Francamente, il dibattito sul duello Clinton-Trump non serve a un beneamato nulla, se visto in termini calcistici e il Lei per chi tifa è la vacua domanda di chi ha rinunciato a capire e far capire la realtà del mondo. Sotto il diluvio mediatico emergono invece due notizie che interrogano in modo diretto la politica vera e le persone semplici. Su questioni di vita e di morte. Durante la giornata mondiale contro la pena di morte, i vescovi cattolici del Texas, lo Stato con più esecuzioni capitali recenti negli Stati Uniti (più del 30%) e con alcune delle più oscene prigioni private al mondo, hanno diffuso un proclama contro questa pena che, nei Paesi che ascoltano la lezione di Cesare Beccaria, è obsoleta da secoli.
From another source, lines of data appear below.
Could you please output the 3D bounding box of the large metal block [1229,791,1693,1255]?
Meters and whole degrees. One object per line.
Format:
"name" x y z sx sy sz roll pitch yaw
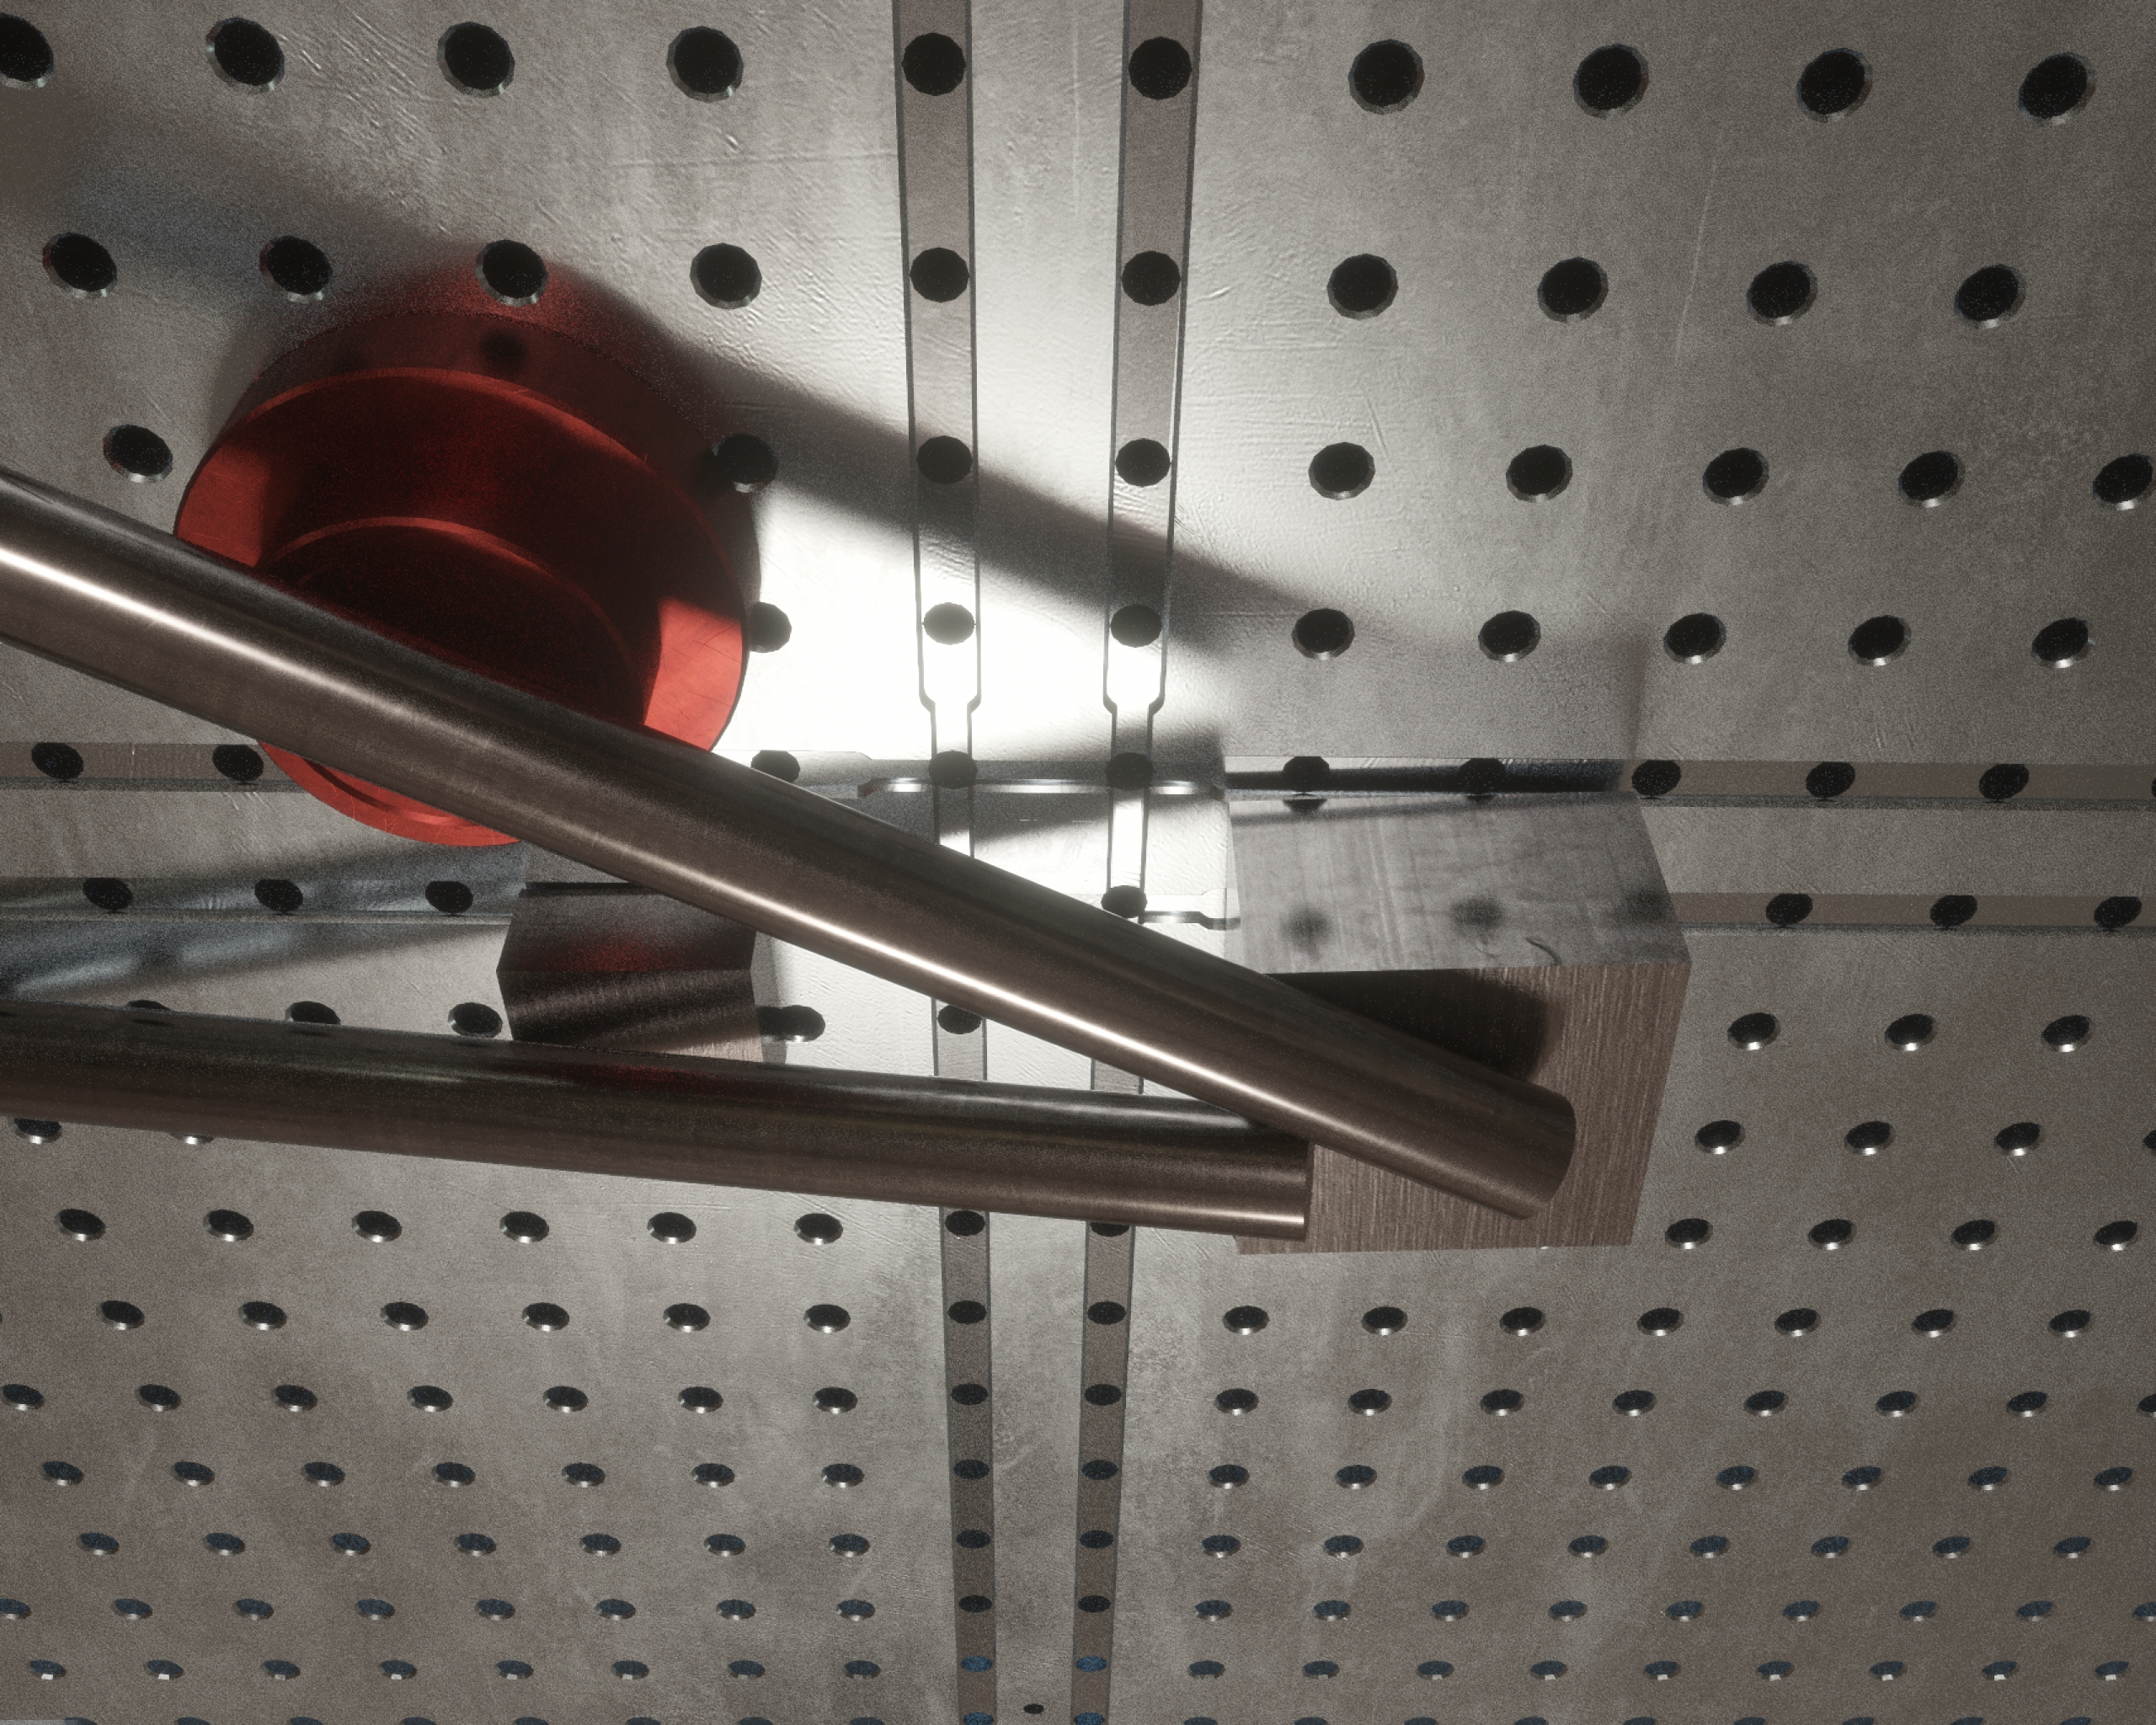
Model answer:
"large metal block" 0.072 0.033 0.421 0.081 0.050 0.079 -2 130 1

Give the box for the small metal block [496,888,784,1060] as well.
"small metal block" -0.090 0.032 0.438 0.050 0.025 0.050 0 130 0

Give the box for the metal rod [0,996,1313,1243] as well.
"metal rod" -0.105 0.049 0.415 0.301 0.025 0.025 4 131 10

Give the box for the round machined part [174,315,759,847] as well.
"round machined part" -0.107 -0.041 0.363 0.099 0.042 0.097 -1 130 0

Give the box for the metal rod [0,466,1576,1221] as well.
"metal rod" -0.050 -0.001 0.347 0.302 0.025 0.025 22 127 -15
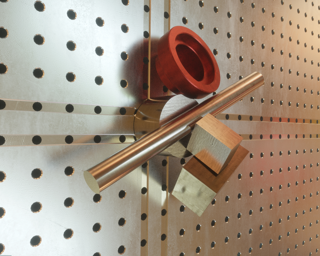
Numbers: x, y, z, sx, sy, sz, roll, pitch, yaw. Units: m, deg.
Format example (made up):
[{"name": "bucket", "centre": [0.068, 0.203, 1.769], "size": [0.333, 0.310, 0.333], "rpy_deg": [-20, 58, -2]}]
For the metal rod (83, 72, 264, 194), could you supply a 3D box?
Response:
[{"name": "metal rod", "centre": [0.041, -0.011, 0.380], "size": [0.302, 0.025, 0.025], "rpy_deg": [-31, 109, -36]}]

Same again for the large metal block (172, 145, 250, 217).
[{"name": "large metal block", "centre": [0.067, 0.062, 0.421], "size": [0.080, 0.050, 0.080], "rpy_deg": [-43, 161, -32]}]

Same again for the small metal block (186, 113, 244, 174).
[{"name": "small metal block", "centre": [0.064, 0.019, 0.369], "size": [0.025, 0.050, 0.050], "rpy_deg": [-37, 155, -34]}]

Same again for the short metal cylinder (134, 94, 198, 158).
[{"name": "short metal cylinder", "centre": [0.014, -0.003, 0.406], "size": [0.081, 0.050, 0.079], "rpy_deg": [0, 90, -40]}]

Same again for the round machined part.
[{"name": "round machined part", "centre": [0.033, -0.082, 0.412], "size": [0.099, 0.042, 0.098], "rpy_deg": [25, 52, -35]}]

Dichiarando la giornata un’espressione a favore della protezione della vita, i vescovi constatano che: la pena di morte colpisce i poveri, le minoranze e gli squilibrati (ma quanti boss mafiosi hanno visto il patibolo?); i costi di un’esecuzione sono tripli rispetto all’ergastolo; la pena capitale non influisce sui tassi di criminalità (come si sa dal 1764, cioè da un quarto di millennio); la morte del criminale non consola le vittime dei familiari, non permette alcuna riabilitazione (è utile rivedere il film italiano Cesare deve morire), influenza negativamente l’educazione dei bambini ed esclude compassione e redenzione dalle culture che la praticano. Insomma, perché la morte per iniezione è più civilizzata dello sgozzamento alla Daesh? Quali valori di libertà, eguaglianza, fraternità e democrazia difende?

Dall’altro capo dell’oceano Pacifico, invece, si profila una chiesa silenziosa e incerta davanti al massacro extragiudiziale attivamente promosso dal neopresidente Rodrigo Duterte con il tristo primato di 3.600 spacciatori o piccoli criminali uccisi. È difficile non pensare a una Notte dei cristalli o a un pogrom prolungati ed è pericoloso, oltre che impolitico, immaginare che alcune vite abbiano meno valore delle altre. I sondaggi, che mostrano un 76% a favore del presidente massacratore, e un 84% a favore della guerra alla droga (anche se con una maggioranza che prova ripugnanza all’omicidio di massa), rivelano piuttosto a che livello è sceso lo stato di diritto in una democrazia occidentale e quindi la credibilità di uno Stato che elimina i piccoli pesci, ma permette all’impunità, alla violenza e alla contiguità mafiosa d’installarsi nel cuore delle forze dell’ordine. Non ci vuole una scienza infusa per capire che la strada filippina è molto simile a quella messicana, i cui risultati in termini di lotta alla mafia sono, dopo dieci anni, a dir poco deludenti. Se la democrazia vuole vivere deve evitare i silenzi complici sui killing fields distanti per circoscrivere e debellare il contagio di una vecchia barbarie con nuovo mascara.